INDIANAPOLIS — Years ago, when my children were small, I used to tell this joke.
My daughter was just a little more than 2. My son just had been born.
A happy, proud father, I’d tell my friends that they were going to be the first sister and brother to be president of the United States.
Once I told that joke to a female friend I’d known for decades, who wanted to banter a bit and said she was glad I wasn’t forgetting my daughter.
“Well,” I responded, “my son will have an easier time of it.”
“Why?” my friend asked, “because he’s a guy?”
“No,” I said. “Because by the time he gets to the White House, his sister will have served two terms and moved on to being chief justice of the Supreme Court. His big sister will be able to give him some tips — and watch his back.”
My friend laughed.
So did I.
As I said, it was a joke.
But, like many jokes, it had a serious point.
We shouldn’t place artificial limitations on what people, regardless of gender, can accomplish. Doing so hurts them — crushes their dreams and spirits.

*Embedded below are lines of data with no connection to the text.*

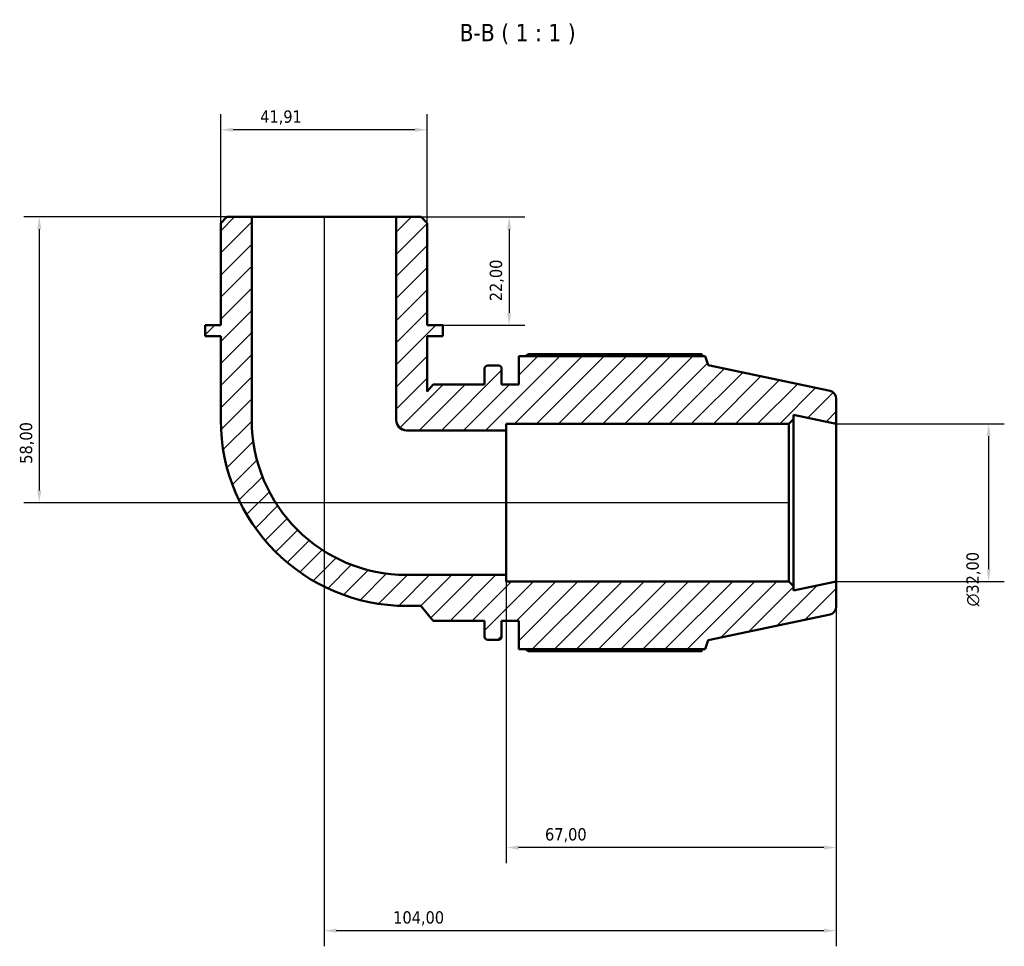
# Model space of a CAD drawing. Header units: millimetres. Extents: x 0 to 931, y 0 to 900.
# Tile 3 of 5: x 304 to 504, y 712 to 900. Entities that reach past the tile are written whole.
import ezdxf

# ---------------------------------------------------------------- set-up
doc = ezdxf.new("R2010")
doc.units = ezdxf.units.MM
for name, color, linetype, lineweight in [('Dimension (ISO)', 7, 'Continuous', 25), ('Hatch (ISO)', 7, 'Continuous', 18), ('Symbol (ISO)', 7, 'Continuous', 25), ('Visible (ISO)', 7, 'Continuous', 50)]:
    doc.layers.add(name, color=color, linetype=linetype, lineweight=lineweight)
doc.styles.add('Label Text (ISO)', font='tahoma.ttf')
doc.styles.add('Note Text (ISO)', font='tahoma.ttf')
doc.dimstyles.new('Default (ISO)', dxfattribs={"dimtxt": 2.5, "dimasz": 2.5, "dimexe": 3.175, "dimexo": 0, "dimgap": 0.762, "dimtad": 1, "dimrnd": 1e-08, "dimzin": 0, "dimtxsty": 'Note Text (ISO)', "dimcen": 0.09, "dimdle": 10, "dimclrd": 256, "dimclre": 256, "dimclrt": 232, "dimazin": 0, "dimtfac": 1.40208, "dimtmove": 0, "dimatfit": 3, "dimfxl": 1, "dimtolj": 1, "dimtzin": 0, "dimlwd": -1, "dimlwe": -1, "dimarcsym": 0})

# ---------------------------------------------------------------- blocks, each defined once
blk = doc.blocks.new('*D7')
at = {"layer": 'Defpoints', "color": 0, "transparency": 16777216}
for p in [(345.26, 877.63), (345.26, 858.69), (387.17, 858.69)]:
    blk.add_point(p, dxfattribs=at)
at = {"layer": 'Dimension (ISO)', "transparency": 16777216}
for p, q in [((345.26, 858.69), (345.26, 880.81)), ((387.17, 858.69), (387.17, 880.81)), ((384.67, 877.63), (347.76, 877.63))]:
    blk.add_line(p, q, dxfattribs=at)
for points in [[(347.76, 878.05), (347.76, 877.22), (345.26, 877.63)], [(384.67, 878.05), (384.67, 877.22), (387.17, 877.63)]]:
    blk.add_solid(points, dxfattribs=at)
at = {"layer": 'Dimension (ISO)', "color": 232, "true_color": 0xca0064, "transparency": 16777216, "insert": (353.27, 881.57), "char_height": 2.5, "attachment_point": 1, "style": 'Note Text (ISO)'}
blk.add_mtext('\\A1;41,91', dxfattribs=at)
blk = doc.blocks.new('*D8')
at = {"layer": 'Defpoints', "color": 0, "transparency": 16777216}
for p in [(380.89, 859.95), (390.32, 837.95), (403.8, 837.95)]:
    blk.add_point(p, dxfattribs=at)
at = {"layer": 'Dimension (ISO)', "transparency": 16777216}
for p, q in [((380.89, 859.95), (406.98, 859.95)), ((403.8, 857.45), (403.8, 840.45)), ((390.32, 837.95), (406.98, 837.95))]:
    blk.add_line(p, q, dxfattribs=at)
for points in [[(403.38, 857.45), (404.22, 857.45), (403.8, 859.95)], [(403.38, 840.45), (404.22, 840.45), (403.8, 837.95)]]:
    blk.add_solid(points, dxfattribs=at)
at = {"layer": 'Dimension (ISO)', "color": 232, "true_color": 0xca0064, "transparency": 16777216, "insert": (399.86, 842.84), "char_height": 2.5, "attachment_point": 1, "rotation": 90, "style": 'Note Text (ISO)'}
blk.add_mtext('\\A1;22,00', dxfattribs=at)
blk = doc.blocks.new('*D9')
at = {"layer": 'Defpoints', "color": 0, "transparency": 16777216}
for p in [(403.22, 787.28), (470.22, 785.95), (403.22, 731.95)]:
    blk.add_point(p, dxfattribs=at)
at = {"layer": 'Dimension (ISO)', "transparency": 16777216}
for p, q in [((403.22, 787.28), (403.22, 728.78)), ((470.22, 785.95), (470.22, 728.78)), ((467.72, 731.95), (405.72, 731.95))]:
    blk.add_line(p, q, dxfattribs=at)
for points in [[(405.72, 732.37), (405.72, 731.53), (403.22, 731.95)], [(467.72, 732.37), (467.72, 731.53), (470.22, 731.95)]]:
    blk.add_solid(points, dxfattribs=at)
at = {"layer": 'Dimension (ISO)', "color": 232, "true_color": 0xca0064, "transparency": 16777216, "insert": (411.09, 735.89), "char_height": 2.5, "attachment_point": 1, "style": 'Note Text (ISO)'}
blk.add_mtext('\\A1;67,00', dxfattribs=at)
blk = doc.blocks.new('*D10')
at = {"layer": 'Defpoints', "color": 0, "transparency": 16777216}
for p in [(366.22, 859.95), (470.22, 785.95), (366.22, 715.08)]:
    blk.add_point(p, dxfattribs=at)
at = {"layer": 'Dimension (ISO)', "transparency": 16777216}
for p, q in [((366.22, 859.95), (366.22, 711.91)), ((470.22, 785.95), (470.22, 711.91)), ((467.72, 715.08), (368.72, 715.08))]:
    blk.add_line(p, q, dxfattribs=at)
for points in [[(368.72, 715.5), (368.72, 714.67), (366.22, 715.08)], [(467.72, 715.5), (467.72, 714.67), (470.22, 715.08)]]:
    blk.add_solid(points, dxfattribs=at)
at = {"layer": 'Dimension (ISO)', "color": 232, "true_color": 0xca0064, "transparency": 16777216, "insert": (380.27, 719.02), "char_height": 2.5, "attachment_point": 1, "style": 'Note Text (ISO)'}
blk.add_mtext('\\A1;104,00', dxfattribs=at)
blk = doc.blocks.new('*D11')
at = {"layer": 'Defpoints', "color": 0, "transparency": 16777216}
for p in [(470.22, 817.95), (470.22, 785.95), (501.15, 785.95)]:
    blk.add_point(p, dxfattribs=at)
at = {"layer": 'Dimension (ISO)', "transparency": 16777216}
for p, q in [((470.22, 817.95), (504.33, 817.95)), ((501.15, 815.45), (501.15, 788.45)), ((470.22, 785.95), (504.33, 785.95))]:
    blk.add_line(p, q, dxfattribs=at)
for points in [[(500.74, 815.45), (501.57, 815.45), (501.15, 817.95)], [(500.74, 788.45), (501.57, 788.45), (501.15, 785.95)]]:
    blk.add_solid(points, dxfattribs=at)
at = {"layer": 'Dimension (ISO)', "color": 232, "true_color": 0xca0064, "transparency": 16777216, "insert": (496.63, 780.9), "char_height": 2.5, "attachment_point": 1, "rotation": 90, "style": 'Note Text (ISO)'}
blk.add_mtext('\\A1;\\fAIGDT|b0|i0;\\H2.5000;\\ln\\fTahoma|b0|i0;\\H2.5000;32,00', dxfattribs=at)
blk = doc.blocks.new('*D13')
at = {"layer": 'Defpoints', "color": 0, "transparency": 16777216}
for p in [(351.55, 859.95), (308.42, 801.95), (460.59, 801.95)]:
    blk.add_point(p, dxfattribs=at)
at = {"layer": 'Dimension (ISO)', "transparency": 16777216}
for p, q in [((351.55, 859.95), (305.25, 859.95)), ((308.42, 857.45), (308.42, 804.45)), ((460.59, 801.95), (305.25, 801.95))]:
    blk.add_line(p, q, dxfattribs=at)
for points in [[(308.01, 857.45), (308.84, 857.45), (308.42, 859.95)], [(308.01, 804.45), (308.84, 804.45), (308.42, 801.95)]]:
    blk.add_solid(points, dxfattribs=at)
at = {"layer": 'Dimension (ISO)', "color": 232, "true_color": 0xca0064, "transparency": 16777216, "insert": (304.48, 809.85), "char_height": 2.5, "attachment_point": 1, "rotation": 90, "style": 'Note Text (ISO)'}
blk.add_mtext('\\A1;58,00', dxfattribs=at)

msp = doc.modelspace()

# ---------------------------------------------------------------- hatches: boundary and pattern name
at = {"layer": 'Hatch (ISO)'}
h = msp.add_hatch(dxfattribs=at)
h.set_pattern_fill('ANSI31', color=256, scale=25.4, style=0)
h.set_pattern_definition([(45, (0, 0), (-2.245064, 2.245064), [])])
edge = h.paths.add_edge_path()
edge.add_line((387.174, 858.694), (385.917, 859.951))
edge.add_line((385.917, 859.951), (380.888, 859.951))
edge.add_line((380.888, 859.951), (380.888, 818.715))
edge.add_ellipse((382.983, 818.715), major_axis=(-2.096, 0), ratio=1, start_angle=0, end_angle=90)
edge.add_line((382.983, 816.62), (403.219, 816.62))
edge.add_line((403.219, 816.62), (403.219, 817.951))
edge.add_line((403.219, 817.951), (460.593, 817.951))
edge.add_line((460.593, 817.951), (461.553, 818.911))
edge.add_line((461.553, 818.911), (461.553, 819.794))
edge.add_line((461.553, 819.794), (470.219, 817.951))
edge.add_line((470.219, 817.951), (470.219, 823.056))
edge.add_ellipse((468.619, 823.056), major_axis=(1.6, 0), ratio=1, start_angle=0, end_angle=78)
edge.add_line((468.952, 824.621), (444.219, 829.878))
edge.add_line((444.219, 829.878), (443.624, 831.711))
edge.add_line((443.624, 831.711), (405.739, 831.711))
edge.add_line((405.739, 831.711), (405.739, 825.951))
edge.add_line((405.739, 825.951), (402.273, 825.951))
edge.add_line((402.273, 825.951), (402.273, 829.151))
edge.add_ellipse((401.633, 829.151), major_axis=(0.64, 0), ratio=1, start_angle=0, end_angle=90)
edge.add_line((401.633, 829.791), (399.446, 829.791))
edge.add_ellipse((399.446, 829.151), major_axis=(0, 0.64), ratio=1, start_angle=0, end_angle=90)
edge.add_line((398.806, 829.151), (398.806, 825.951))
edge.add_line((398.806, 825.951), (388.406, 825.951))
edge.add_line((388.406, 825.951), (387.174, 824.484))
edge.add_line((387.174, 824.484), (387.174, 835.751))
edge.add_line((387.174, 835.751), (390.318, 835.751))
edge.add_line((390.318, 835.751), (390.318, 837.951))
edge.add_line((390.318, 837.951), (387.174, 837.951))
edge.add_line((387.174, 837.951), (387.174, 858.694))
edge = h.paths.add_edge_path()
edge.add_line((346.522, 859.951), (345.264, 858.694))
edge.add_line((345.264, 858.694), (345.264, 837.951))
edge.add_line((345.264, 837.951), (342.121, 837.951))
edge.add_line((342.121, 837.951), (342.121, 835.751))
edge.add_line((342.121, 835.751), (345.264, 835.751))
edge.add_line((345.264, 835.751), (345.264, 818.715))
edge.add_ellipse((382.983, 818.715), major_axis=(-37.719, 0), ratio=1, start_angle=0, end_angle=90)
edge.add_line((382.983, 780.996), (385.851, 780.996))
edge.add_line((385.851, 780.996), (388.406, 777.951))
edge.add_line((388.406, 777.951), (398.806, 777.951))
edge.add_line((398.806, 777.951), (398.806, 774.751))
edge.add_ellipse((399.446, 774.751), major_axis=(-0.64, 0), ratio=1, start_angle=0, end_angle=90)
edge.add_line((399.446, 774.111), (401.633, 774.111))
edge.add_ellipse((401.633, 774.751), major_axis=(0, -0.64), ratio=1, start_angle=0, end_angle=90)
edge.add_line((402.273, 774.751), (402.273, 777.951))
edge.add_line((402.273, 777.951), (405.739, 777.951))
edge.add_line((405.739, 777.951), (405.739, 772.191))
edge.add_line((405.739, 772.191), (443.624, 772.191))
edge.add_line((443.624, 772.191), (444.219, 774.025))
edge.add_line((444.219, 774.025), (468.952, 779.282))
edge.add_ellipse((468.619, 780.847), major_axis=(0.333, -1.565), ratio=1, start_angle=0, end_angle=78)
edge.add_line((470.219, 780.847), (470.219, 785.951))
edge.add_line((470.219, 785.951), (461.553, 784.109))
edge.add_line((461.553, 784.109), (461.553, 784.991))
edge.add_line((461.553, 784.991), (460.593, 785.951))
edge.add_line((460.593, 785.951), (403.219, 785.951))
edge.add_line((403.219, 785.951), (403.219, 787.283))
edge.add_line((403.219, 787.283), (382.983, 787.283))
edge.add_ellipse((382.983, 818.715), major_axis=(0, -31.432), ratio=1, start_angle=270, end_angle=360, ccw=False)
edge.add_line((351.551, 818.715), (351.551, 859.951))
edge.add_line((351.551, 859.951), (346.522, 859.951))

# ---------------------------------------------------------------- linework, layer by layer
at = {"layer": 'Visible (ISO)'}
for p, q in [((346.522, 859.951), (345.264, 858.694)), ((351.551, 859.951), (346.522, 859.951)), ((351.551, 818.715), (351.551, 859.951)), ((380.888, 859.951), (351.551, 859.951)), ((385.917, 859.951), (380.888, 859.951)), ((380.888, 859.951), (380.888, 818.715)), ((387.174, 858.694), (385.917, 859.951)), ((345.264, 858.694), (345.264, 837.951)), ((387.174, 837.951), (387.174, 858.694)), ((345.264, 837.951), (342.121, 837.951)), ((342.121, 837.951), (342.121, 835.751)), ((390.318, 837.951), (387.174, 837.951)), ((390.318, 835.751), (390.318, 837.951)), ((342.121, 835.751), (345.264, 835.751)), ((345.264, 835.751), (345.264, 818.715)), ((387.174, 824.484), (387.174, 835.751)), ((387.174, 835.751), (390.318, 835.751)), ((443.624, 831.711), (405.739, 831.711)), ((405.739, 831.711), (405.739, 825.951)), ((442.896, 832.061), (407.659, 832.061)), ((444.219, 829.878), (443.624, 831.711)), ((401.633, 829.791), (399.446, 829.791)), ((468.952, 824.621), (444.219, 829.878)), ((398.806, 829.151), (398.806, 825.951)), ((402.273, 825.951), (402.273, 829.151)), ((388.406, 825.951), (387.174, 824.484)), ((398.806, 825.951), (388.406, 825.951)), ((405.739, 825.951), (402.273, 825.951)), ((470.219, 817.951), (470.219, 823.056)), ((461.553, 818.911), (461.553, 819.794)), ((461.553, 819.794), (470.219, 817.951)), ((403.219, 816.62), (403.219, 817.951)), ((403.219, 817.951), (460.593, 817.951)), ((460.593, 817.951), (461.553, 818.911)), ((460.593, 817.951), (460.593, 785.951)), ((461.553, 784.991), (461.553, 818.911)), ((470.219, 785.951), (470.219, 817.951)), ((382.983, 816.62), (403.219, 816.62)), ((403.219, 787.283), (403.219, 816.62)), ((403.219, 787.283), (382.983, 787.283)), ((403.219, 785.951), (403.219, 787.283)), ((460.593, 785.951), (403.219, 785.951)), ((461.553, 784.991), (460.593, 785.951)), ((470.219, 785.951), (461.553, 784.109)), ((470.219, 780.847), (470.219, 785.951)), ((461.553, 784.109), (461.553, 784.991)), ((382.983, 780.996), (385.851, 780.996)), ((385.851, 780.996), (388.406, 777.951)), ((388.406, 777.951), (398.806, 777.951)), ((398.806, 777.951), (398.806, 774.751)), ((402.273, 774.751), (402.273, 777.951)), ((402.273, 777.951), (405.739, 777.951)), ((405.739, 777.951), (405.739, 772.191)), ((444.219, 774.025), (468.952, 779.282)), ((399.446, 774.111), (401.633, 774.111)), ((443.624, 772.191), (444.219, 774.025)), ((405.739, 772.191), (443.624, 772.191)), ((407.659, 771.842), (442.896, 771.842))]:
    msp.add_line(p, q, dxfattribs=at)
for centre, radius, start, end in [((399.446, 829.151), 0.64, 90, 180), ((401.633, 829.151), 0.64, 0, 90), ((468.619, 823.056), 1.6, 0, 78), ((382.983, 818.715), 37.719, 180, 270), ((382.983, 818.715), 31.432, 180, 270), ((382.983, 818.715), 2.096, 180, 270), ((468.619, 780.847), 1.6, 282, 0), ((399.446, 774.751), 0.64, 180, 270), ((401.633, 774.751), 0.64, 270, 0)]:
    msp.add_arc(centre, radius, start, end, dxfattribs=at)
for points, weights in [([(407.102, 831.711), (407.376, 831.885), (407.659, 832.061)], [1.01396366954, 1.01649047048, 1.01887259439]), ([(443.077, 831.711), (442.988, 831.885), (442.896, 832.061)], [1.00107785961, 1.0006129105, 1]), ([(407.659, 771.842), (407.376, 772.018), (407.102, 772.191)], [1.01887259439, 1.01649047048, 1.01396366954]), ([(442.896, 771.842), (442.988, 772.018), (443.077, 772.191)], [1, 1.0006129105, 1.00107785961])]:
    msp.add_rational_spline(points, weights, degree=2, dxfattribs=at)

# ---------------------------------------------------------------- texts
at = {"layer": 'Symbol (ISO)', "insert": (393.731, 894.978), "char_height": 3.5, "attachment_point": 7, "style": 'Label Text (ISO)'}
msp.add_mtext('B-B ( 1 : 1 )', dxfattribs=at)

# ---------------------------------------------------------------- dimensions: what is measured, and where the dimension line sits
at = {"layer": 'Dimension (ISO)'}
dim = msp.add_linear_dim(base=(345.264, 877.633), p1=(387.174, 858.694), p2=(345.264, 858.694), dimstyle='Default (ISO)', override={"dimdec": 2, "dimtp": 0, "dimtm": 0, "dimtdec": 2, "dimtofl": 0, "dimatfit": 1}, dxfattribs=at)
dim.commit()
dim.dimension.update_dxf_attribs({"geometry": '*D7', "text_midpoint": (357.367, 877.633), "dimtype": 160})
for base, p1, p2, angle, picture, middle in [((308.425, 801.951), (351.551, 859.951), (460.593, 801.951), 270, '*D13', (308.425, 813.951)), ((366.219, 715.083), (470.219, 785.951), (366.219, 859.951), 180, '*D10', (385.219, 715.083)), ((403.8, 837.951), (380.888, 859.951), (390.318, 837.951), 270, '*D8', (403.8, 846.951)), ((403.219, 731.951), (470.219, 785.951), (403.219, 787.283), 180, '*D9', (415.219, 731.951))]:
    dim = msp.add_linear_dim(base=base, p1=p1, p2=p2, angle=angle, dimstyle='Default (ISO)', override={"dimdec": 2, "dimtp": 0, "dimtm": 0, "dimtdec": 2, "dimtofl": 0, "dimatfit": 1}, dxfattribs=at)
    dim.commit()
    dim.dimension.update_dxf_attribs({"geometry": picture, "text_midpoint": middle, "dimtype": 160})
dim = msp.add_linear_dim(base=(501.154, 785.951), p1=(470.219, 817.951), p2=(470.219, 785.951), angle=90, text='\\fAIGDT|b0|i0;\\H2.5000;\\ln\\fTahoma|b0|i0;\\H2.5000;<>', dimstyle='Default (ISO)', override={"dimdec": 2, "dimtp": 0, "dimtm": 0, "dimtdec": 2, "dimtofl": 0, "dimatfit": 1}, dxfattribs=at)
dim.commit()
dim.dimension.update_dxf_attribs({"geometry": '*D11', "text_midpoint": (501.154, 786.451), "dimtype": 160})

doc.saveas('drawing.dxf')

And it hurts the rest of us, too.
I’ve been around politics for decades. I’ve come across many people in positions of leadership — female and male — who were capable, committed and driven. I’ve also come across people who not only couldn’t walk and chew gum at the same time, but likely couldn’t do one or the other without significant staff support.
Most of the folks in that latter group — the ones who couldn’t walk or chew gum without detailed instructions — were men. Often, they remained in office for 10, 15 or 20 years.
I’ve also watched female politicians and candidates for political office try to negotiate the minefield of public perceptions about what leaders should be and how women should act.
I’ve seen them work to be tough without seeming threatening. Empathetic without seeming weak. Forceful without being bossy. Human and approachable without seeming to be too emotional.
These are not standards to which we hold male leaders.
We’ve got a president of the United States now who has been indulging in a pity party for two weeks because the election didn’t go his way. As thousands upon thousands of the citizens suffer and die from a raging pandemic and more than 21 million collecting unemployment wonder how they’re going to make it through the days ahead, our commander-in-chief finds whatever corner he can to sit and feel sorry for himself.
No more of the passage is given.